In contrast, developing or appropriating Schmitt’s constructive project, his gesture towards an alternative approach to political theory, presents challenges. Addressing these challenges is the project that Paul W. Kahn takes on in his Political Theology: Four New Chapters on the Concept of Sovereignty. Kahn explicates Schmitt’s text by putting Schmitt’s ideas in conversation with legal and political issues of present day America. In so doing, Kahn shares Schmitt’s concern to de-naturalize liberalism, and Kahn grapples with Schmitt’s theoretical vocabulary in search for alternatives to liberalism.
Kahn’s book is intriguing and in many places insightful, conversant in theoretical literature ranging from that of Giorgio Agamben to that of Brian Leiter. I have two worries, one about Kahn’s similarity to Schmitt and another about Kahn’s difference from Schmitt.

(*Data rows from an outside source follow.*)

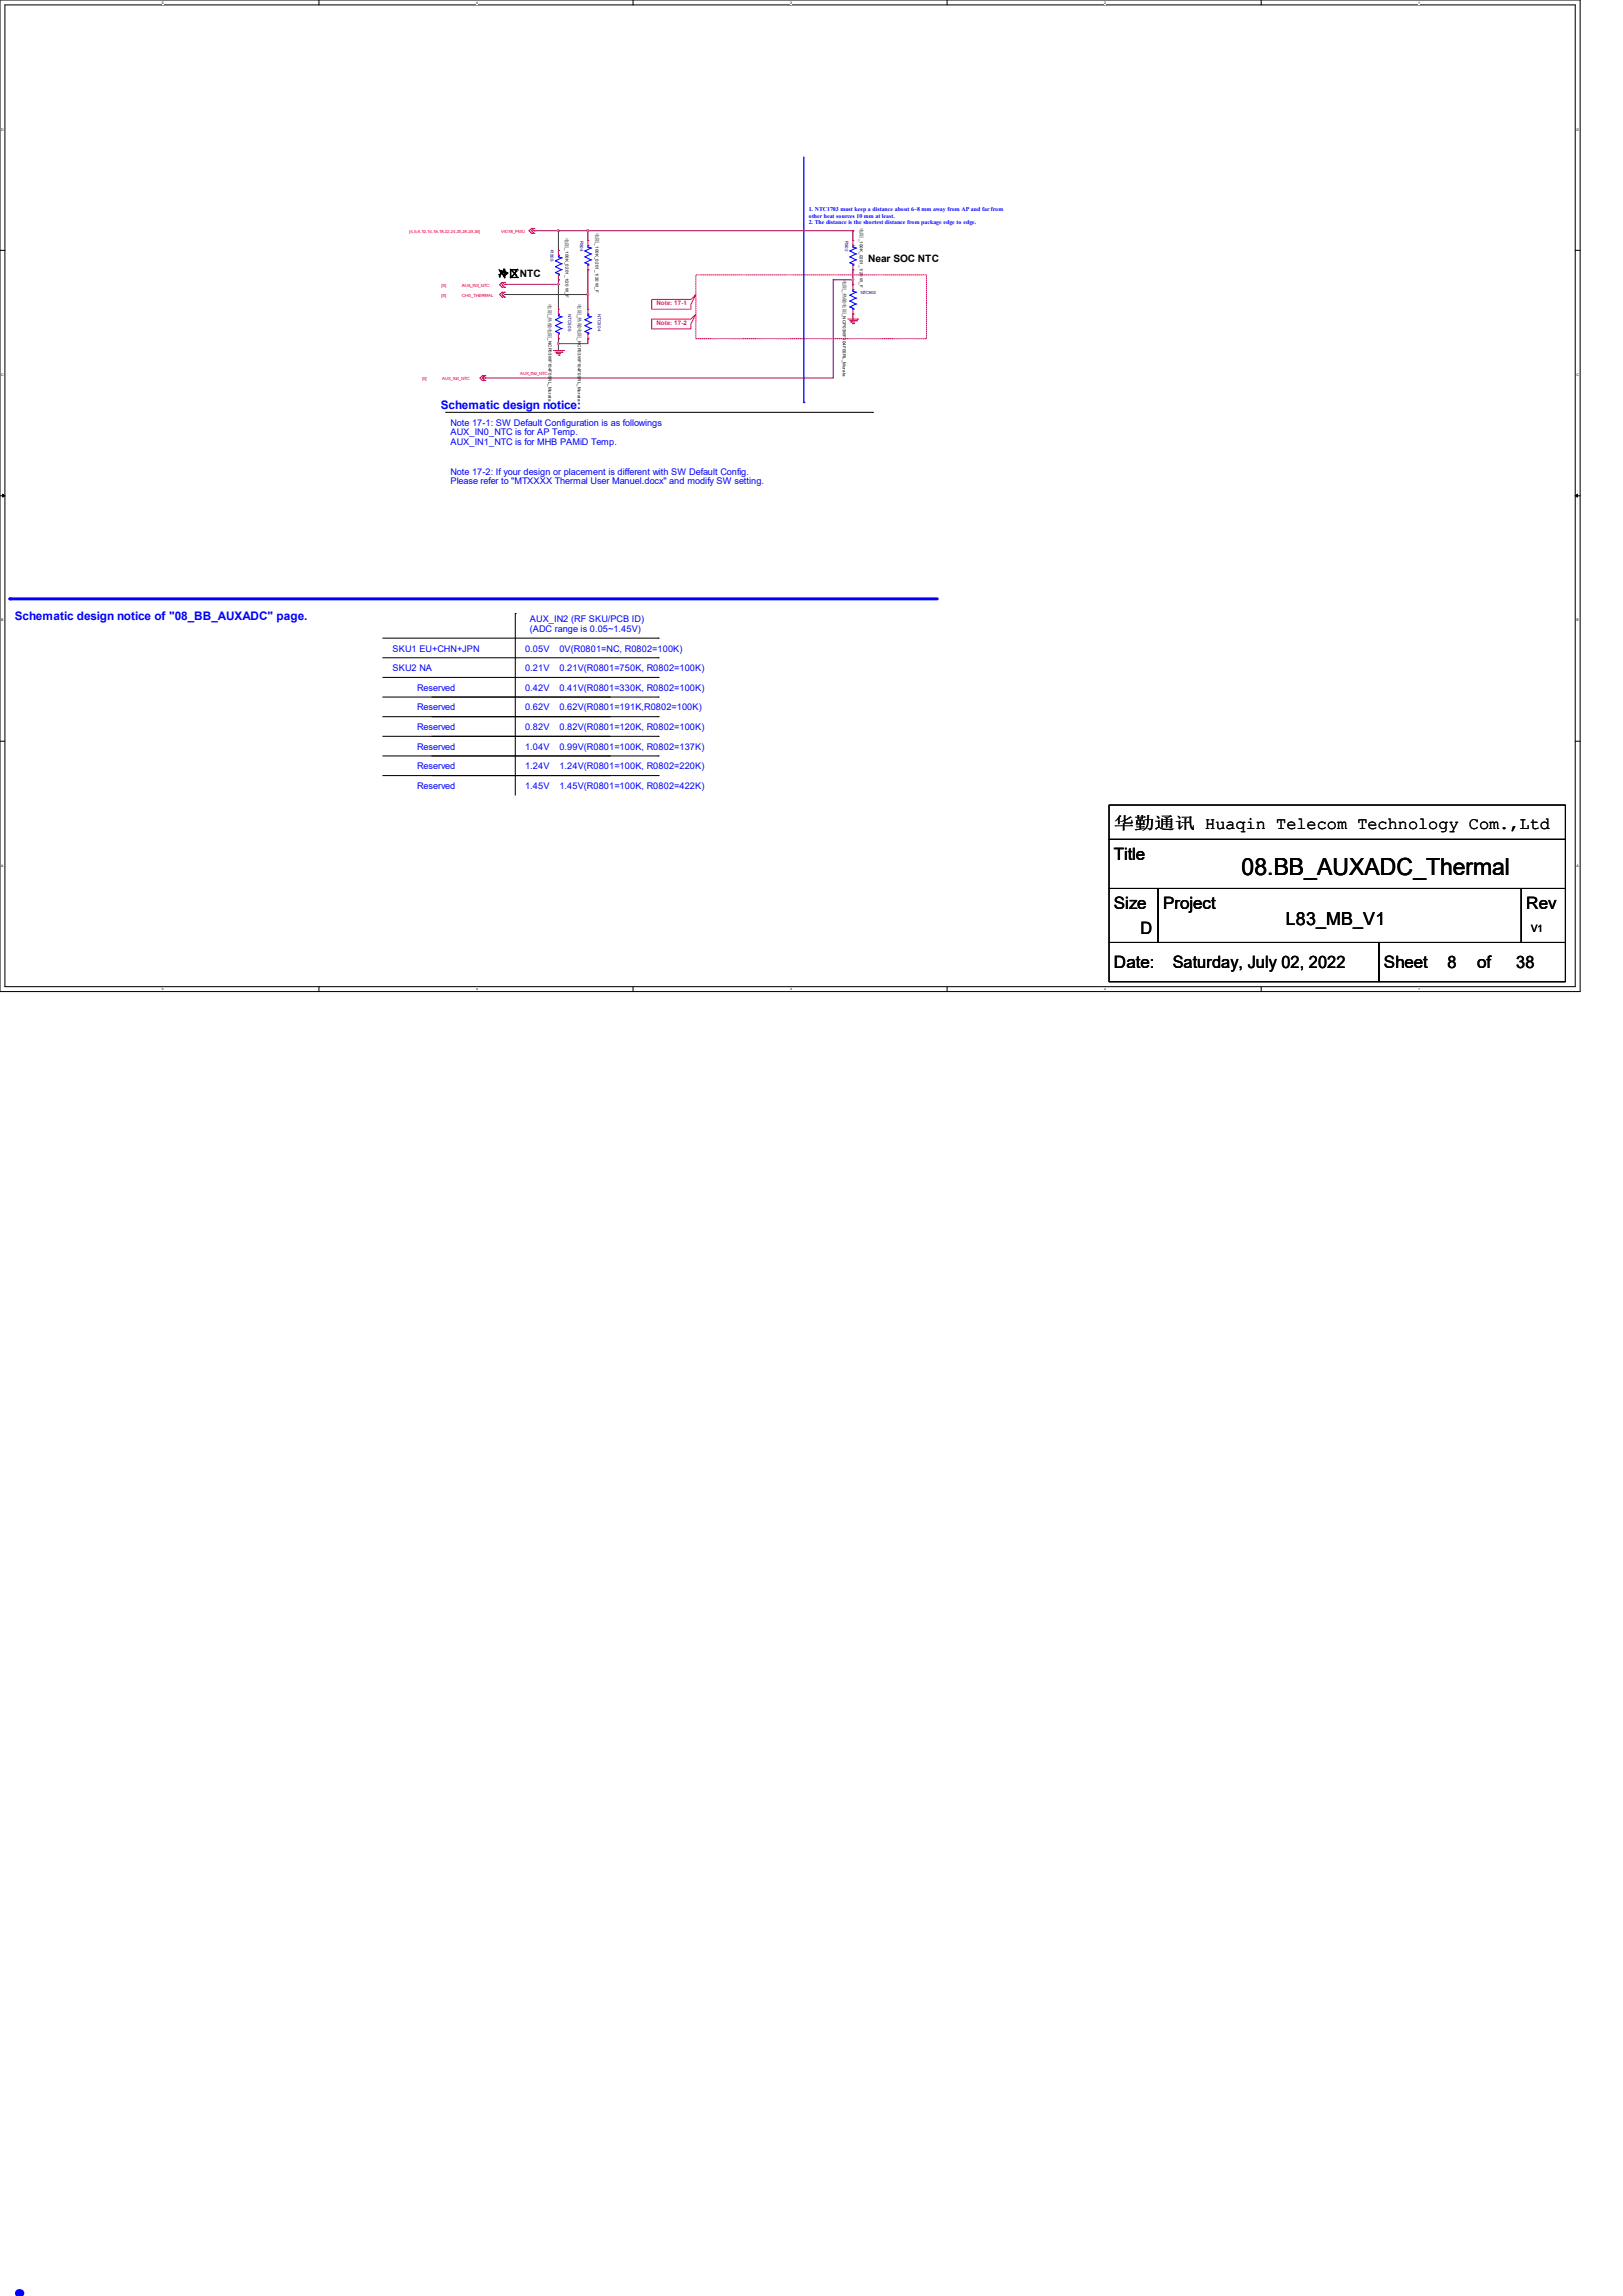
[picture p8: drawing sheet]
<svg xmlns="http://www.w3.org/2000/svg" width="210mm" height="297mm" viewBox="0 0 210 297" stroke-linecap="round" stroke-linejoin="round" font-family="sans-serif">
<defs><g id="words">
<text font-size="8.5" fill="#00f" x="0" y="297">.</text>
<text font-size="3" x="160.7" y="113.2">08.BB_AUXADC_Thermal</text>
<text font-size="2.3" x="166.4" y="119.6">L83_MB_V1</text>
<g font-size="2.2">
<text x="144.1" y="107.2">华勤通讯 Huaqin Telecom Technology Com.,Ltd</text>
<text x="144.1" y="111.3">Title</text>
<text x="144.1" y="117.6">Size</text>
<text x="150.5" y="117.6">Project</text>
<text x="197.5" y="117.6">Rev</text>
<text x="144.1" y="125.2">Date:</text>
<text x="147.6" y="120.8">D</text>
<text x="151.8" y="125.2">Saturday, July 02, 2022</text>
<text x="179.1" y="125.2">Sheet</text>
<text x="187.3" y="125.2">8</text>
<text x="191.1" y="125.2">of</text>
<text x="196.2" y="125.2">38</text>
</g>
<g font-size="1.5" fill="#00f">
<text x="57" y="52.9">Schematic design notice:</text>
<text x="1.9" y="80.2">Schematic design notice of &quot;08_BB_AUXADC&quot; page.</text>
</g>
<g font-size="1.3">
<text x="64.5" y="35.9">冷区NTC</text>
<text x="112.4" y="34">Near SOC NTC</text>
<text x="198.1" y="120.6">V1</text>
</g>
<g font-size="1.2" fill="#00f">
<text x="58.3" y="55.1">Note 17-1: SW Default Configuration is as followings</text>
<text x="58.3" y="56.3">AUX_IN0_NTC is for AP Temp.</text>
<text x="58.3" y="57.5">AUX_IN1_NTC is for MHB PAMiD Temp.</text>
<text x="58.3" y="61.4">Note 17-2: If your design or placement is different with SW Default Config.</text>
<text x="58.3" y="62.7">Please refer to &quot;MTXXXX Thermal User Manuel.docx&quot; and modify SW setting.</text>
<text x="68.6" y="80.5">AUX_IN2 (RF SKU/PCB ID)</text>
<text x="68.6" y="81.7">(ADC range is 0.05~1.45V)</text>
<text x="50.8" y="86.8">SKU2 NA</text>
<text x="50.8" y="84.3">SKU1 EU+CHN+JPN</text>
<text x="54" y="89.4">Reserved</text>
<text x="67.9" y="89.4">0.42V</text>
<text x="67.9" y="86.8">0.21V</text>
<text x="67.9" y="84.3">0.05V</text>
<text x="72.4" y="89.4">0.41V(R0801=330K, R0802=100K)</text>
<text x="72.4" y="84.3">0V(R0801=NC, R0802=100K)</text>
<text x="72.4" y="86.8">0.21V(R0801=750K, R0802=100K)</text>
<text x="54" y="94.4">Reserved</text>
<text x="54" y="91.9">Reserved</text>
<text x="67.9" y="94.4">0.82V</text>
<text x="67.9" y="91.9">0.62V</text>
<text x="72.4" y="94.4">0.82V(R0801=120K, R0802=100K)</text>
<text x="72.4" y="91.9">0.62V(R0801=191K,R0802=100K)</text>
<text x="54" y="97">Reserved</text>
<text x="54" y="99.5">Reserved</text>
<text x="67.9" y="99.5">1.24V</text>
<text x="67.9" y="97">1.04V</text>
<text x="72.4" y="99.5">1.24V(R0801=100K, R0802=220K)</text>
<text x="72.4" y="97">0.99V(R0801=100K, R0802=137K)</text>
<text x="54" y="102.1">Reserved</text>
<text x="67.9" y="102.1">1.45V</text>
<text x="72.4" y="102.1">1.45V(R0801=100K, R0802=422K)</text>
</g>
<g font-size=".8" fill="#00f">
<text x="104.6" y="27.3">1. NTC1703 must keep a distance about 6~8 mm away from AP and far from</text>
<text x="104.6" y="28.2">other heat sources 10 mm at least.</text>
<text x="104.6" y="29">2. The distance is the shortest distance from package edge to edge.</text>
</g>
<g font-size=".8" fill="#ff0080">
<text x="85" y="39.5">Note: 17-1</text>
<text x="85" y="42">Note: 17-2</text>
</g>
<g font-size=".6">
<text x="111.3" y="29.5" transform="rotate(90 111.3 29.5)">电阻</text>
<text x="73.2" y="30.8" transform="rotate(90 73.2 30.8)">电阻</text>
<text x="73.2" y="32.1" transform="rotate(90 73.2 32.1)">_100K_0201_1/20 W_F</text>
<text x="77" y="30.1" transform="rotate(90 77 30.1)">电阻</text>
<text x="77.1" y="31.5" transform="rotate(90 77.1 31.5)">_100K_0201_1/20 W_F</text>
<text x="111.3" y="30.9" transform="rotate(90 111.3 30.9)">_100K_0201_1/20 W_F</text>
<text x="71" y="39.4" transform="rotate(90 71 39.4)">电阻 热敏电阻</text>
<text x="71" y="40.7" transform="rotate(90 71 40.7)">_</text>
<text x="74.8" y="39.4" transform="rotate(90 74.8 39.4)">电阻 热敏电阻</text>
<text x="74.8" y="40.7" transform="rotate(90 74.8 40.7)">_</text>
<text x="109.1" y="36.2" transform="rotate(90 109.1 36.2)">电阻 热敏电阻</text>
<text x="109.1" y="37.5" transform="rotate(90 109.1 37.5)">_</text>
<text x="109.1" y="40.6" transform="rotate(90 109.1 40.6)">_NCP03WF104F05RL_Murata</text>
<text x="71" y="43.8" transform="rotate(90 71 43.8)">_NCP03WF104F05RL_Murata</text>
<text x="74.8" y="43.8" transform="rotate(90 74.8 43.8)">_NCP03WF104F05RL_Murata</text>
</g>
<g font-size=".6" fill="#f00">
<text x="53" y="30.1">[4,5,6,10,14,16,18,22,24,25,26,29,35]</text>
<text x="64.9" y="30.1">VIO18_PMU</text>
<text x="57.1" y="37.1">[5]</text>
<text x="57.1" y="38.4">[5]</text>
<text x="59.8" y="37.1">AUX_IN3_NTC</text>
<text x="59.8" y="38.4">CHG_THERMAL</text>
<text x="54.6" y="49.2">[5]</text>
<text x="57.2" y="49.2">AUX_IN0_NTC</text>
<text x="67.3" y="48.6">AUX_IN0_NTC</text>
</g>
<g font-size=".6" fill="#000080">
<text x="71.3" y="32.4" transform="rotate(90 71.3 32.4)">R805</text>
<text x="75.1" y="31.1" transform="rotate(90 75.1 31.1)">R804</text>
<text x="109.4" y="31.1" transform="rotate(90 109.4 31.1)">R802</text>
<text x="73.5" y="40.6" transform="rotate(90 73.5 40.6)">NTC805</text>
<text x="77.3" y="40.6" transform="rotate(90 77.3 40.6)">NTC804</text>
<text x="111.4" y="38">NTC802</text>
</g>
<g font-size=".5">
<text x="21" y=".5">5</text>
<text x="61.6" y=".5">4</text>
<text x="102.2" y=".5">3</text>
<text x="142.9" y=".5">2</text>
<text x="183.5" y=".5">1</text>
<text x=".2" y="16.9">D</text>
<text x="204" y="16.9">D</text>
<text x=".2" y="48.6">C</text>
<text x="204" y="48.6">C</text>
<text x=".2" y="80.4">B</text>
<text x="204" y="80.4">B</text>
<text x=".2" y="112.1">A</text>
<text x="204" y="112.1">A</text>
<text x="21" y="128.1">5</text>
<text x="61.6" y="128.1">4</text>
<text x="102.2" y="128.1">3</text>
<text x="142.9" y="128.1">2</text>
<text x="183.5" y="128.1">1</text>
</g>
</g></defs>
<path d="M0 0h204.5v128.3h-204.5zM.6 .6h203.2v127h-203.2z" fill="none" stroke="#000" stroke-width=".13"/>
<g fill="#fff">
<path d="M21 .1h.2v.5h-.2z"/>
<path d="M21 127.7h.2v.5h-.2z"/>
</g>
<path d="M41.3 0v.6M41.3 127.6v.7" fill="none" stroke="#000" stroke-width=".13"/>
<g fill="#fff">
<path d="M61.6 .1h.2v.5h-.2z"/>
<path d="M61.6 127.7h.2v.5h-.2z"/>
</g>
<path d="M81.9 0v.6M81.9 127.6v.7" fill="none" stroke="#000" stroke-width=".13"/>
<g fill="#fff">
<path d="M102.2 .1h.2v.5h-.2z"/>
<path d="M102.2 127.7h.2v.5h-.2z"/>
</g>
<path d="M122.6 0v.6M122.6 127.6v.7" fill="none" stroke="#000" stroke-width=".13"/>
<g fill="#fff">
<path d="M142.9 .1h.2v.5h-.2z"/>
<path d="M142.9 127.7h.2v.5h-.2z"/>
</g>
<path d="M163.2 0v.6M163.2 127.6v.7" fill="none" stroke="#000" stroke-width=".13"/>
<g fill="#fff">
<path d="M183.5 .1h.2v.5h-.2z"/>
<path d="M183.5 127.7h.2v.5h-.2z"/>
<path d="M.2 16.5h.3v.5h-.3z"/>
<path d="M204 16.5h.3v.5h-.3z"/>
<path d="M.2 48.3h.3v.5h-.3z"/>
<path d="M204 48.3h.3v.5h-.3z"/>
</g>
<path d="M0 32.4h.6M203.8 32.4h.7" fill="none" stroke="#000" stroke-width=".13"/>
<g fill="#fff">
<path d="M.2 80h.2v.5h-.2z"/>
<path d="M204 80h.3v.5h-.3z"/>
</g>
<path d="M0 64.1h.6M203.8 64.1h.7" fill="none" stroke="#000" stroke-width=".13"/>
<path d="M.3 63.9l.3 .2-.3 .2zM203.8 64.1l.3-.2v.4z" fill="#000" stroke="#000" stroke-width=".13"/>
<g fill="#fff">
<path d="M.2 111.8h.3v.5h-.3z"/>
<path d="M204 111.8h.3v.5h-.3z"/>
</g>
<path d="M0 95.9h.6M203.8 95.9h.7" fill="none" stroke="#000" stroke-width=".13"/>
<path d="M1.3 77.5h120" fill="none" stroke="#00f" stroke-width=".38"/>
<circle cx="1.3" cy="77.5" r=".19" fill="#00f"/>
<g fill="none" stroke="#000" stroke-width=".13">
<path d="M57.7 53.3h55.2M112.9 53.3h.1M66.7 79.4h.1M66.7 79.4v23.5M49.5 82.5h35.7M49.5 85.1h35.7M49.5 87.6h35.7M49.5 90.2h35.7M49.5 92.7h35.7M49.5 95.2h35.7M49.5 97.8h35.7M78.8 90.2h.1"/>
<path d="M78.8 92.7h.1M78.8 95.2h.1M78.8 97.8h.1M85.2 82.5h.1M85.2 85.1h.1M85.2 87.6h.1M85.2 90.2h.1M85.2 92.7h.1M85.2 95.2h.1M85.2 97.8h.1M49.5 100.3h35.7M78.8 100.3h.1"/>
<path d="M85.2 100.3h.1M143.5 108.6h59.1v6.3h-59.1zM143.5 104.1h59.1v4.5h-59.1zM143.5 114.9h6.4v7h-6.4zM149.9 114.9h46.9v7h-46.9zM196.8 114.9h5.8v7h-5.8zM143.5 121.9h34.9v5.1h-34.9zM178.4 121.9h24.2v5.1h-24.2z"/>
</g>
<path d="M84.3 38.7h5.1l.6-.6-.6 1.3v.6h-5.1zM90 35.6h29.9v8.2h-29.9zM84.3 41.3h5.1l.6-.7-.6 1.3v.6h-5.1z" fill="none" stroke="#ff0080" stroke-width=".13"/>
<path d="M104 20.3v31.8M104 52.1h.1" fill="none" stroke="#00f" stroke-width=".17"/>
<g fill="none" stroke="#f00" stroke-width=".13">
<path d="M65 36.5h.1M65 37.2h.1M65 37.8h.1M65 38.4h.1M65 36.5l-.4 .3 .4 .4M65 37.8l-.4 .3 .4 .3M65.3 36.5h.1M65.3 37.2h.1M65.3 37.8h.1M65.3 38.4h.1M65.3 36.5l-.3 .3 .3 .4M65.3 37.8l-.3 .3 .3 .3"/>
<path d="M68.8 29.5h.1M68.8 30.2h.1M68.8 29.5l-.3 .3 .3 .4M69.1 29.5h.1M69.1 30.2h.1M69.1 29.5l-.3 .3 .3 .4M72.3 36.2h.1M72.3 32.4h.1M72.3 32.4v.6M72.3 35.6v.6M76.1 34.9h.1M76.1 31.1h.1"/>
<path d="M76.1 31.1v.6M76.1 34.3v.6M110.4 36.8h.1M110.4 34.9h.1M110.4 31.1h.1M110.4 31.1v.6M110.4 34.3v.6M110.4 36.8v.7M62.4 48.6h.1M62.4 49.2h.1M62.4 48.6l-.3 .3 .3 .3M62.7 48.6h.1"/>
<path d="M62.7 49.2h.1M62.7 48.6l-.3 .3 .3 .3M71.6 45.3h1.3M71.8 45.6h.9M72 45.7h.1M72 45.7h.5M72.2 45.9h.1M72.3 43.8h.1M72.3 40h.1M72.3 40v.6M72.3 43.2v.6M72.3 45.9h.1"/>
<path d="M72.7 45.6h.1M72.9 45.3h.1M76.1 43.8h.1M76.1 40h.1M76.1 40v.6M76.1 43.2v.6M109.7 41.3h1.3M109.9 41.5h.9M110.1 41.7h.1M110.1 41.7h.5M110.3 41.9h.1M110.4 40.6h.1"/>
<path d="M110.4 40v.6M110.4 41.9h.1M110.8 41.5h.1M111 41.3h.1"/>
</g>
<g fill="none" stroke="#00f" stroke-width=".13">
<path d="M71.9 33.7h.1M71.9 34.5h.1M71.9 35.3h.1M71.9 33.7l.7 .4M71.9 34.5l.7 .4M71.9 35.3l.4 .1M72.3 33h.1M72.3 35.6h.1M72.3 33.2h.1M72.3 35.4h.1M72.3 33v.2M72.3 35.4v.2"/>
<path d="M72.3 33.2l.3 .2M72.6 33.4h.1M72.6 34.1h.1M72.6 34.9h.1M72.6 33.4l-.7 .3M72.6 34.1l-.7 .4M72.6 34.9l-.7 .4M75.7 32.5h.1M75.7 33.2h.1M75.7 34h.1M75.7 32.5l.8 .4M75.7 33.2l.8 .4"/>
<path d="M75.7 34l.4 .2M76.1 31.7h.1M76.1 34.3h.1M76.1 32h.1M76.1 34.2h.1M76.1 31.7v.3M76.1 34.2v.1M76.1 32l.4 .1M76.5 32.1h.1M76.5 32.9h.1M76.5 33.6h.1M76.5 32.1l-.8 .4"/>
<path d="M76.5 32.9l-.8 .3M76.5 33.6l-.8 .4M110 38.2h.1M110 38.9h.1M110 39.7h.1M110 32.5h.1M110 33.2h.1M110 34h.1M110 38.2l.7 .4M110 38.9l.7 .4M110 39.7l.4 .2M110 32.5l.7 .4"/>
<path d="M110 33.2l.7 .4M110 34l.4 .2M110.4 37.5h.1M110.4 37.7h.1M110.4 39.9h.1M110.4 31.7h.1M110.4 34.3h.1M110.4 32h.1M110.4 34.2h.1M110.4 31.7v.3M110.4 34.2v.1M110.4 37.5v.2"/>
<path d="M110.4 39.9v.1M110.4 37.7l.3 .1M110.4 32l.3 .1M110.7 37.8h.1M110.7 38.6h.1M110.7 39.3h.1M110.7 32.1h.1M110.7 32.9h.1M110.7 33.6h.1M110.7 37.8l-.7 .4M110.7 38.6l-.7 .3M110.7 39.3l-.7 .4"/>
<path d="M110.7 32.1l-.7 .4M110.7 32.9l-.7 .3M110.7 33.6l-.7 .4M71.9 41.4h.1M71.9 42.1h.1M71.9 42.9h.1M71.9 41.4l.7 .3M71.9 42.1l.7 .4M71.9 42.9l.4 .2M72.3 40.6h.1M72.3 43.2h.1M72.3 40.9h.1"/>
<path d="M72.3 43.1h.1M72.3 40.6v.3M72.3 43.1v.1M72.3 40.9l.3 .1M72.6 41h.1M72.6 41.7h.1M72.6 42.5h.1M72.6 41l-.7 .4M72.6 41.7l-.7 .4M72.6 42.5l-.7 .4M75.7 41.4h.1M75.7 42.1h.1"/>
<path d="M75.7 42.9h.1M75.7 41.4l.8 .3M75.7 42.1l.8 .4M75.7 42.9l.4 .2M76.1 40.6h.1M76.1 43.2h.1M76.1 40.9h.1M76.1 43.1h.1M76.1 40.6v.3M76.1 43.1v.1M76.1 40.9l.4 .1M76.5 41h.1"/>
<path d="M76.5 41.7h.1M76.5 42.5h.1M76.5 41l-.8 .4M76.5 41.7l-.8 .4M76.5 42.5l-.8 .4M110.4 40h.1"/>
</g>
<g fill="none" stroke="#800040" stroke-width=".13">
<path d="M65.3 38.1h.1M65.3 38.1h10.8M65.4 36.8h.1M65.4 36.8h6.9M65.4 36.8h-.1M69.1 29.8h.1M69.1 29.8h41.3M72.3 36.2h.1M72.3 36.8h.1M72.3 29.8h.1M72.3 29.8v2.6M72.3 36.2v3.8"/>
<path d="M76.1 34.9h.1M76.1 38.1h.1M76.1 29.8h.1M76.1 29.8v1.3M76.1 34.9v5.1M107.8 36.2h.1M107.8 36.2h2.6M107.8 36.2v12.7h-45.1M110.4 29.8h.1M110.4 34.9h.1M110.4 36.2h.1M110.4 29.8v1.3"/>
<path d="M110.4 34.9v1.9M62.7 48.9h.1M72.3 43.8h.1M72.3 44.4h.1M72.3 43.8v1.5M76.1 43.8h.1M76.1 43.8v.6h-3.8M110.4 40.6h.1M110.4 40.6v.7"/>
</g>
<g fill="#f0f" stroke="#f0f" stroke-width=".13">
<circle cx="72.2" cy="29.8" r=".11"/>
<circle cx="76.1" cy="29.8" r=".11"/>
<circle cx="110.3" cy="36.2" r=".11"/>
<circle cx="72.2" cy="36.8" r=".11"/>
<circle cx="76.1" cy="38.1" r=".11"/>
<circle cx="72.2" cy="44.4" r=".11"/>
</g>
<use href="#words"/>
</svg>

I worry that the richness of Schmitt’s treatment of theology is diminished in Kahn’s treatment, with theology being reduced to religion – religion that sounds quite liberal and quite Protestant. And I worry that Kahn, like Schmitt, may not provide sufficient space for difference (racial, gender, class, and even religious) in his constructive account. I will approach these worries indirectly, after first rehearsing some of Kahn’s discussion of sovereignty.
Kahn makes a very suggestive move in his introduction, where he suggests that sovereignty, the key term in Schmitt’s Political Theology, should be understood as popular sovereignty in the current American context. For Schmitt, famously, sovereign is he who decides on the exception. For Kahn, it is the American people who decide on the exception: they caused the Revolution and they formed the Constitution. As he writes, “The Constitution continues to express the revolutionary self-formation of the popular sovereign” (10). When the Supreme Court reviews a law to test its constitutionality, the voice of the popular sovereign, its authority secured through the Revolution, is being heard.
A consequence of Kahn’s relocation of sovereignty is that the presidential pardon is no longer the most obvious vestige of the sovereign exception. With popular sovereignty expressed through the courts, it is jury nullification, according to Kahn, where we can see the sovereign deciding on the exception. In jury nullification, ordinary people see that they, together, can trump the law – for the law is ultimately theirs, its authority comes from them (from us).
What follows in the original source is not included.